Frankie slid down, his shoulders hunched. Then he deliberately snubbed me by walking through the wall to get out to the porch. I sighed. It didn't matter. I used the door and closed it behind me, not bothering with the lock.
"I can't believe you thought my urn had sexy pictures," he grouched as we started down the steps.
The polite thing would be to let it go, but if I didn't stand up to the man, he was going to think he could walk all over me.
"How can you blame me?" I asked, catching him out of the corner of my eye. I mean truly, "There was a girl and a boy—"
"Dancing the tango," he snapped.
"I suppose that's one way to look at it."
He let out a regretful sigh. "I used to love to dance."
"What about the extra boy?" I asked.
He gave me the kind of slant look that suggested I was crazy. "He's playing a custom-made, highly decorative bandoneon, with ivory inlaid handles and feather accents. From Argentina," he added, as if that made a difference.

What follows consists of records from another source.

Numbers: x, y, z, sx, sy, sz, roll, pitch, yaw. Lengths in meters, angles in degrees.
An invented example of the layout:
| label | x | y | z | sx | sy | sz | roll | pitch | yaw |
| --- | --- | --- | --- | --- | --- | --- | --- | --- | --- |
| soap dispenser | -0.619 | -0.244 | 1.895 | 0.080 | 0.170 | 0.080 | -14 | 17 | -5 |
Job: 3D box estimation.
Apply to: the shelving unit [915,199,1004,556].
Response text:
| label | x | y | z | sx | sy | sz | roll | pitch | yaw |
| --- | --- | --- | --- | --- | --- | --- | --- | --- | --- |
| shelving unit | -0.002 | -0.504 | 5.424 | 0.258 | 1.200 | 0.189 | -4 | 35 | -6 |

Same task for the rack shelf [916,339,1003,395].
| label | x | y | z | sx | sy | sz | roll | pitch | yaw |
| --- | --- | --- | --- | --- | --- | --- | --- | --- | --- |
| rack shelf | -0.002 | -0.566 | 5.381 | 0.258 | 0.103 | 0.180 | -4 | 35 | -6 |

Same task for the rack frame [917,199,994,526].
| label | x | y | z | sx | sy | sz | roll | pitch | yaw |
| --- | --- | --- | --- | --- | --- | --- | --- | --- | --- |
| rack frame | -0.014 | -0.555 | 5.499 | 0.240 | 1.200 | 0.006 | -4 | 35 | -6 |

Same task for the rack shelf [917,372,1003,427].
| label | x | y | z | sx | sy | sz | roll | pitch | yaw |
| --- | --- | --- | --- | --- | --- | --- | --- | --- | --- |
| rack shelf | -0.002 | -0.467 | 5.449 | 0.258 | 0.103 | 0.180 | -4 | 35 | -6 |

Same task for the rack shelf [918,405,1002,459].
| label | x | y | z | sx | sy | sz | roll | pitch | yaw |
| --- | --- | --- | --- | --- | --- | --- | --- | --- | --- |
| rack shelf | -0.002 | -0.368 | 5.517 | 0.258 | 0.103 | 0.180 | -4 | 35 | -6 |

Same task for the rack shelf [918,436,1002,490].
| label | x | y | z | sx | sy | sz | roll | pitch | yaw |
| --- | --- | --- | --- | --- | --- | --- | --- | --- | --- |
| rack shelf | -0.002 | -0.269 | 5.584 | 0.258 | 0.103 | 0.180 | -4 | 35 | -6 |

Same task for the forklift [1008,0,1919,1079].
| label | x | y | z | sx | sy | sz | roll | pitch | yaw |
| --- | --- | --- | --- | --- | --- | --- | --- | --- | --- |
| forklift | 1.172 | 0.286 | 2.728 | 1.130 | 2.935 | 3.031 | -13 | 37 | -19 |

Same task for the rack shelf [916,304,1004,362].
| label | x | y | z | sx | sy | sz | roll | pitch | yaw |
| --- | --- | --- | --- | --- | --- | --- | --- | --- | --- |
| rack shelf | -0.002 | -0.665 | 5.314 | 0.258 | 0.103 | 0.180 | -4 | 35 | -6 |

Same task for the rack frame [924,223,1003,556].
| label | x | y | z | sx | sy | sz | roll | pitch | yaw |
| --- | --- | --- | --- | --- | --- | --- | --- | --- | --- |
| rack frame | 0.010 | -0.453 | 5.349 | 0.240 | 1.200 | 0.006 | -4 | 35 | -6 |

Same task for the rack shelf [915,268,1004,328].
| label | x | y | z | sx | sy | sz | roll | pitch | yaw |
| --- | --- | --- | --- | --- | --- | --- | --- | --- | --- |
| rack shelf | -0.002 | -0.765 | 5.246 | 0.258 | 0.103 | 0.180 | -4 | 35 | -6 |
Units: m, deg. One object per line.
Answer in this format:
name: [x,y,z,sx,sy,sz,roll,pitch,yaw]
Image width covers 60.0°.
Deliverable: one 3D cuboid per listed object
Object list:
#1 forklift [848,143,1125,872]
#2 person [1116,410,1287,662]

I pulled the car keys out of my pocket. "We thought it was a goat."
"My wingman, Suds, carved that," he barked. "It took him a week."
"Maybe Suds should have spent less time stealing, more time practicing art." I barely said it. Frankie heard me anyway.
"Can you think of any other way to insult me? I thought you outdid yourself when you dumped my ashes on your rose bushes, but you keep surprising me."
We reached my car on the side drive, a 1978 avocado green Cadillac handed down from my grandmother. Good thing it was worthless or I would have had to sell it. "You really aren't going to let that drop, are you?" I asked, opening my door.